-- What you are asked to do --
Would you transcribe the whole listing exactly and drop its images?

-- Working data --
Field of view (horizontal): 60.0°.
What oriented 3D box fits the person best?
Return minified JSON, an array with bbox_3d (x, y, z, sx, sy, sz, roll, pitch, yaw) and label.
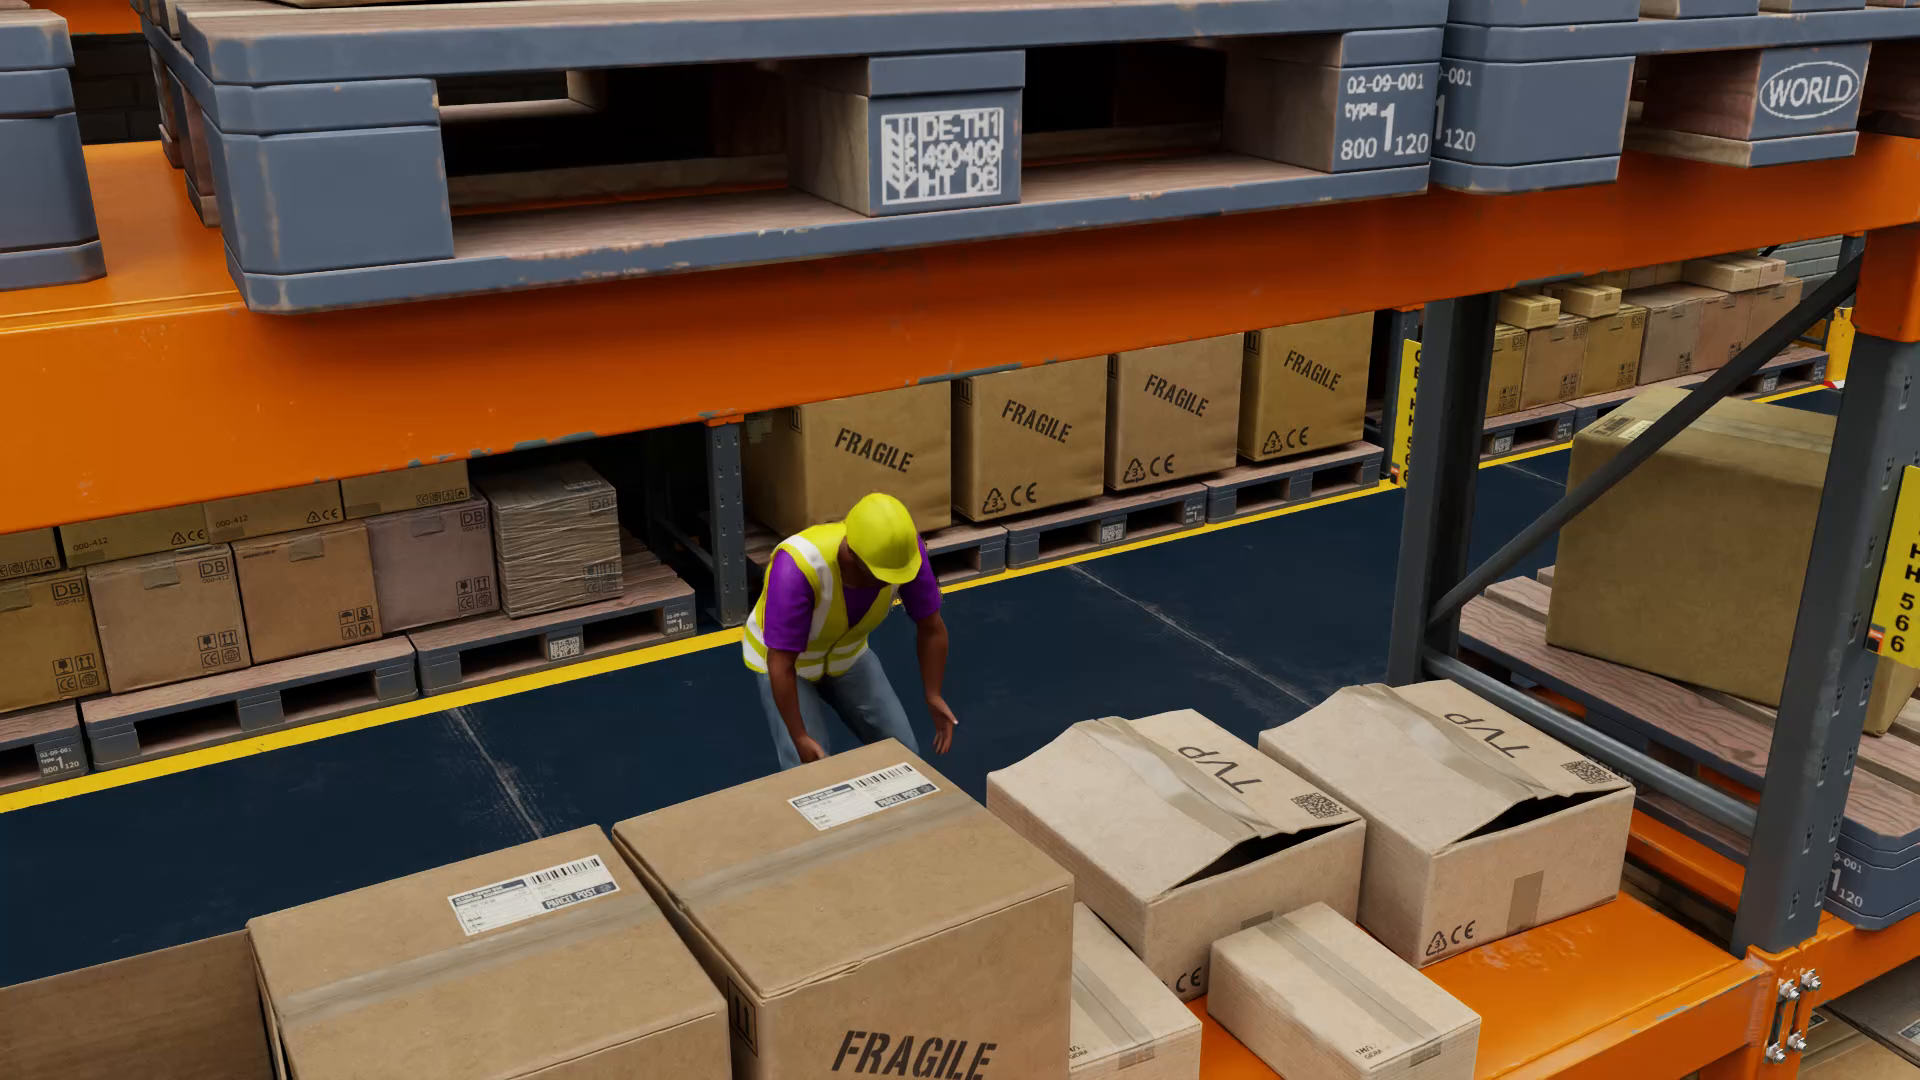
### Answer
[{"bbox_3d":[-0.364,0.453,5.365,0.631,1.432,0.747,-12,25,-28],"label":"person"}]

-- Written solution --
Field of view (horizontal): 60.0°.
What oriented 3D box fits the person best?
Return minified JSON, an array with bbox_3d (x, y, z, sx, sy, sz, roll, pitch, yaw) and label.
### Answer
[{"bbox_3d":[-0.364,0.453,5.365,0.631,1.432,0.747,-12,25,-28],"label":"person"}]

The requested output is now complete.